Incredibly, one of the best takes came from a UKIP MEP:
Brexit, Saudi, fixed odds machines – in all these cases Govt policy response heavily influenced/altered by corporate interests. Is the Conservative Party capable of standing up for the people once powerful vested interests are brought to bear?
— Patrick O'Flynn (@oflynnmep) November 1, 2018
SNP MP Kirsty Blackman called out the flimsy excuse given for the delay:
UK Government: there’s not enough time for businesses to prepare for fixed odds betting terminals stakes reduction by April
Errr, but they think businesses can prepare for Brexit by April?! #Shambles
— Kirsty Blackman (@KirstySNP) November 1, 2018
And the Sun’s political editor said it was all about the money:
Tracey Crouch's resignation letter.
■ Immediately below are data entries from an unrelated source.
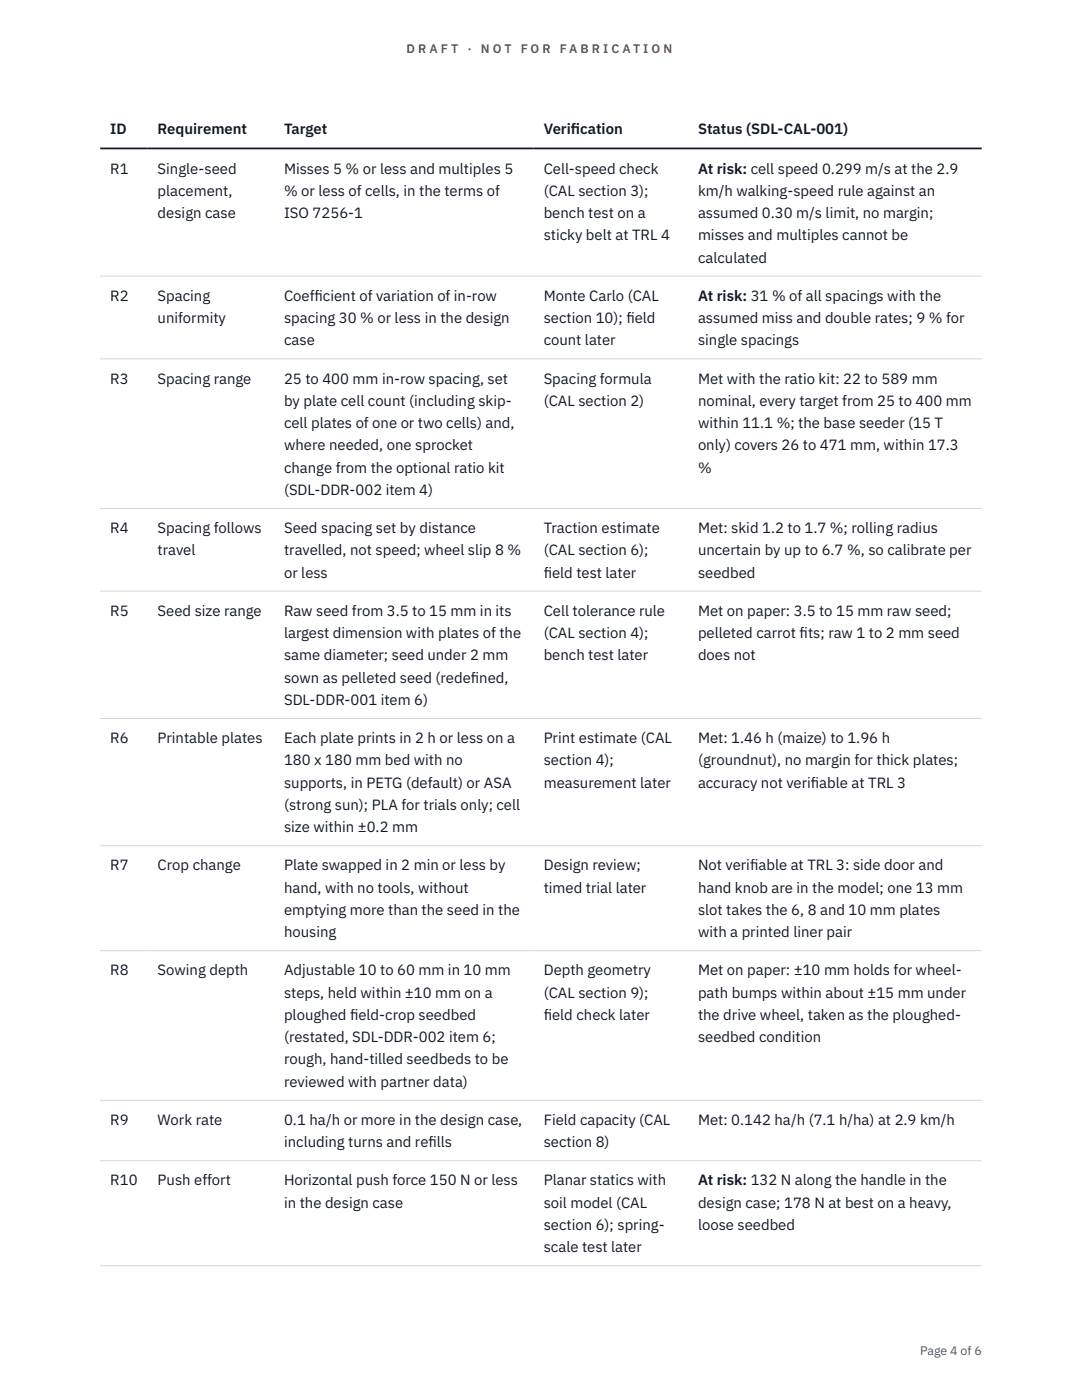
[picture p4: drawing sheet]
<svg xmlns="http://www.w3.org/2000/svg" width="216mm" height="279mm" viewBox="0 0 216 279" stroke-linecap="round" stroke-linejoin="round" font-family="sans-serif">
<defs><g id="words">
<g font-size="3" fill="#111827">
<text x="22" y="26.8">ID</text>
<text x="31.5" y="26.8">Requirement</text>
<text x="56.7" y="26.8">Target</text>
<text x="108.5" y="26.8">Verif</text>
<text x="113.9" y="26.8">ication</text>
<text x="139.3" y="26.8">Status (SDL-CAL-001)</text>
<text x="22" y="34.6">R1</text>
<text x="31.5" y="34.6">Single-seed</text>
<text x="56.7" y="34.6">Misses 5 % or less and multiples 5</text>
<text x="108.5" y="34.6">Cell-speed check</text>
<text x="139.3" y="34.6">At risk: cell speed 0.299 m/s at the 2.9</text>
<text x="31.5" y="39.1">placement,</text>
<text x="56.7" y="39.1">% or less of cells, in the terms of</text>
<text x="108.5" y="39.1">(CAL section 3);</text>
<text x="139.3" y="39.1">km/h walking-speed rule against an</text>
<text x="31.5" y="43.5">design case</text>
<text x="56.7" y="43.5">ISO 7256-1</text>
<text x="108.5" y="43.5">bench test on a</text>
<text x="108.5" y="48">sticky belt at TRL 4</text>
<text x="139.3" y="43.5">assumed 0.30 m/s limit, no margin;</text>
<text x="139.3" y="48">misses and multiples cannot be</text>
<text x="139.3" y="52.4">calculated</text>
<text x="22" y="60">R2</text>
<text x="31.5" y="60">Spacing</text>
<text x="31.5" y="64.5">uniformity</text>
<text x="56.7" y="60">Coeff</text>
<text x="56.7" y="64.5">spacing 30 % or less in the design</text>
<text x="62.8" y="60">icient of variation of in-row</text>
<text x="108.5" y="60">Monte Carlo (CAL</text>
<text x="108.5" y="64.5">section 10); f</text>
<text x="125" y="64.5">ield</text>
<text x="139.3" y="60">At risk: 31 % of all spacings with the</text>
<text x="139.3" y="64.5">assumed miss and double rates; 9 % for</text>
<text x="56.7" y="68.9">case</text>
<text x="108.5" y="68.9">count later</text>
<text x="139.3" y="68.9">single spacings</text>
<text x="22" y="76.5">R3</text>
<text x="31.5" y="76.5">Spacing range</text>
<text x="56.7" y="76.5">25 to 400 mm in-row spacing, set</text>
<text x="108.5" y="76.5">Spacing formula</text>
<text x="139.3" y="76.5">Met with the ratio kit: 22 to 589 mm</text>
<text x="56.7" y="81">by plate cell count (including skip-</text>
<text x="108.5" y="81">(CAL section 2)</text>
<text x="139.3" y="81">nominal, every target from 25 to 400 mm</text>
<text x="56.7" y="85.4">cell plates of one or two cells) and,</text>
<text x="56.7" y="89.9">where needed, one sprocket</text>
<text x="139.3" y="85.4">within 11.1 %; the base seeder (15 T</text>
<text x="139.3" y="89.9">only) covers 26 to 471 mm, within 17.3</text>
<text x="56.7" y="94.3">change from the optional ratio kit</text>
<text x="139.3" y="94.3">%</text>
<text x="56.7" y="98.8">(SDL-DDR-002 item 4)</text>
<text x="22" y="106.4">R4</text>
<text x="31.5" y="106.4">Spacing follows</text>
<text x="56.7" y="106.4">Seed spacing set by distance</text>
<text x="108.5" y="106.4">Traction estimate</text>
<text x="139.3" y="106.4">Met: skid 1.2 to 1.7 %; rolling radius</text>
<text x="31.5" y="110.8">travel</text>
<text x="56.7" y="110.8">travelled, not speed; wheel slip 8 %</text>
<text x="108.5" y="110.8">(CAL section 6);</text>
<text x="139.3" y="110.8">uncertain by up to 6.7 %, so calibrate per</text>
<text x="56.7" y="115.3">or less</text>
<text x="108.5" y="115.3">f</text>
<text x="108.5" y="115.3">ield test later</text>
<text x="139.3" y="115.3">seedbed</text>
<text x="22" y="122.9">R5</text>
<text x="31.5" y="122.9">Seed size range</text>
<text x="56.7" y="122.9">Raw seed from 3.5 to 15 mm in its</text>
<text x="108.5" y="122.9">Cell tolerance rule</text>
<text x="139.3" y="122.9">Met on paper: 3.5 to 15 mm raw seed;</text>
<text x="56.7" y="127.3">largest dimension with plates of the</text>
<text x="56.7" y="131.8">same diameter; seed under 2 mm</text>
<text x="108.5" y="127.3">(CAL section 4);</text>
<text x="108.5" y="131.8">bench test later</text>
<text x="139.3" y="127.3">pelleted carrot f</text>
<text x="139.3" y="131.8">does not</text>
<text x="159.6" y="127.3">its; raw 1 to 2 mm seed</text>
<text x="56.7" y="136.2">sown as pelleted seed (redef</text>
<text x="94" y="136.2">ined,</text>
<text x="56.7" y="140.7">SDL-DDR-001 item 6)</text>
<text x="22" y="148.3">R6</text>
<text x="31.5" y="148.3">Printable plates</text>
<text x="56.7" y="148.3">Each plate prints in 2 h or less on a</text>
<text x="108.5" y="148.3">Print estimate (CAL</text>
<text x="139.3" y="148.3">Met: 1.46 h (maize) to 1.96 h</text>
<text x="56.7" y="152.7">180 x 180 mm bed with no</text>
<text x="108.5" y="152.7">section 4);</text>
<text x="139.3" y="152.7">(groundnut), no margin for thick plates;</text>
<text x="56.7" y="157.2">supports, in PETG (default) or ASA</text>
<text x="56.7" y="161.6">(strong sun); PLA for trials only; cell</text>
<text x="108.5" y="157.2">measurement later</text>
<text x="139.3" y="157.2">accuracy not verif</text>
<text x="161.8" y="157.2">iable at TRL 3</text>
<text x="56.7" y="166.1">size within ±0.2 mm</text>
<text x="22" y="173.7">R7</text>
<text x="31.5" y="173.7">Crop change</text>
<text x="56.7" y="173.7">Plate swapped in 2 min or less by</text>
<text x="108.5" y="173.7">Design review;</text>
<text x="139.3" y="173.7">Not verif</text>
<text x="149.7" y="173.7">iable at TRL 3: side door and</text>
<text x="56.7" y="178.1">hand, with no tools, without</text>
<text x="108.5" y="178.1">timed trial later</text>
<text x="139.3" y="178.1">hand knob are in the model; one 13 mm</text>
<text x="56.7" y="182.6">emptying more than the seed in the</text>
<text x="139.3" y="182.6">slot takes the 6, 8 and 10 mm plates</text>
<text x="56.7" y="187">housing</text>
<text x="139.3" y="187">with a printed liner pair</text>
<text x="22" y="194.7">R8</text>
<text x="31.5" y="194.7">Sowing depth</text>
<text x="56.7" y="194.7">Adjustable 10 to 60 mm in 10 mm</text>
<text x="108.5" y="194.7">Depth geometry</text>
<text x="139.3" y="194.7">Met on paper: ±10 mm holds for wheel-</text>
<text x="56.7" y="199.1">steps, held within ±10 mm on a</text>
<text x="56.7" y="203.6">ploughed f</text>
<text x="69.8" y="203.6">ield-crop seedbed</text>
<text x="108.5" y="199.1">(CAL section 9);</text>
<text x="108.5" y="203.6">f</text>
<text x="108.5" y="203.6">ield check later</text>
<text x="139.3" y="199.1">path bumps within about ±15 mm under</text>
<text x="139.3" y="203.6">the drive wheel, taken as the ploughed-</text>
<text x="56.7" y="208">(restated, SDL-DDR-002 item 6;</text>
<text x="139.3" y="208">seedbed condition</text>
<text x="56.7" y="212.4">rough, hand-tilled seedbeds to be</text>
<text x="56.7" y="216.9">reviewed with partner data)</text>
<text x="22" y="224.5">R9</text>
<text x="31.5" y="224.5">Work rate</text>
<text x="56.7" y="224.5">0.1 ha/h or more in the design case,</text>
<text x="108.5" y="224.5">Field capacity (CAL</text>
<text x="139.3" y="224.5">Met: 0.142 ha/h (7.1 h/ha) at 2.9 km/h</text>
<text x="56.7" y="229">including turns and ref</text>
<text x="85.5" y="229">ills</text>
<text x="108.5" y="229">section 8)</text>
<text x="22" y="236.6">R10</text>
<text x="31.5" y="236.6">Push effort</text>
<text x="56.7" y="236.6">Horizontal push force 150 N or less</text>
<text x="108.5" y="236.6">Planar statics with</text>
<text x="139.3" y="236.6">At risk: 132 N along the handle in the</text>
<text x="56.7" y="241">in the design case</text>
<text x="108.5" y="241">soil model (CAL</text>
<text x="108.5" y="245.5">section 6); spring-</text>
<text x="139.3" y="241">design case; 178 N at best on a heavy,</text>
<text x="139.3" y="245.5">loose seedbed</text>
<text x="108.5" y="249.9">scale test later</text>
</g>
<g font-size="2.5" fill="#b45309">
<text x="81.1" y="10.5">D R A F T</text>
<text x="93.3" y="10.5">·</text>
<text x="95.9" y="10.5">N O T</text>
<text x="103.9" y="10.5">F O R</text>
<text x="111.7" y="10.5">F A B R I C A T I O N</text>
</g>
<text font-size="2.5" fill="#4b5563" x="183.6" y="270.3">Page 4 of 6</text>
</g></defs>
<path d="M20 55.1h175.9M20 71.6h175.9M20 101.5h175.9M20 118h175.9M20 143.4h175.9M20 168.8h175.9M20 189.7h175.9M20 219.6h175.9M20 231.7h175.9M20 252.6h175.9" fill="none" stroke="#d1d5db" stroke-width=".2"/>
<path d="M20 29.6h175.9" fill="none" stroke="#111827" stroke-width=".35"/>
<use href="#words"/>
</svg>

Why did May/Hammond refuse her FOBT ultimatum? Because introducing a £2 max stake 6 months earlier would have cost HMT £120million. That's DUP-level prices. https://t.co/PtwpFEQ5eD
— Tom Newton Dunn (@tnewtondunn) November 1, 2018
Dan Bloom from the Mirror pointed out the absurdity of May’s denial:
It's still sinking in that Theresa May has denied a policy is being delayed, while responding to the minister responsible for the policy, who has resigned for no other reason than the policy being delayed. Kinda makes 'Nothing has changed' look tame
— Dan Bloom (@danbloom1) November 1, 2018
Gamblers lobbying Westminster
The power of the gambling lobby in Westminster is openly admitted. Conservative MP Sarah Wollaston said:
The Chancellor would have had more credibility reducing the tragedy of lives lost to suicide if he had not delayed action on #FOBT today. The power of the industry lobbying at Westminster is sickening
— Sarah Wollaston MP (@sarahwollaston) October 29, 2018
And as reported, betting companies give more in hospitality and gifts to MPs than any other industry.
As spokesperson for the Campaign for Fairer Gambling Matt Zarb-Cousin warned in 2017, such hospitality was motivated by “desperate” attempts to keep FOBTs stakes at £100 per ‘spin’.
The lobby famously paid to dine with former PM, David Cameron, assured by a former Tory co-treasurer that donors could influence policy.
Gambling away our democracy
Once again democracy seems to have been hijacked by lobbyists. Greed, and the subtle blackmail of suggested job losses if regulation is quickly implemented, has driven the government to put betting companies’ interests over lives.
It’s not often we say it, but well done that Tory MP.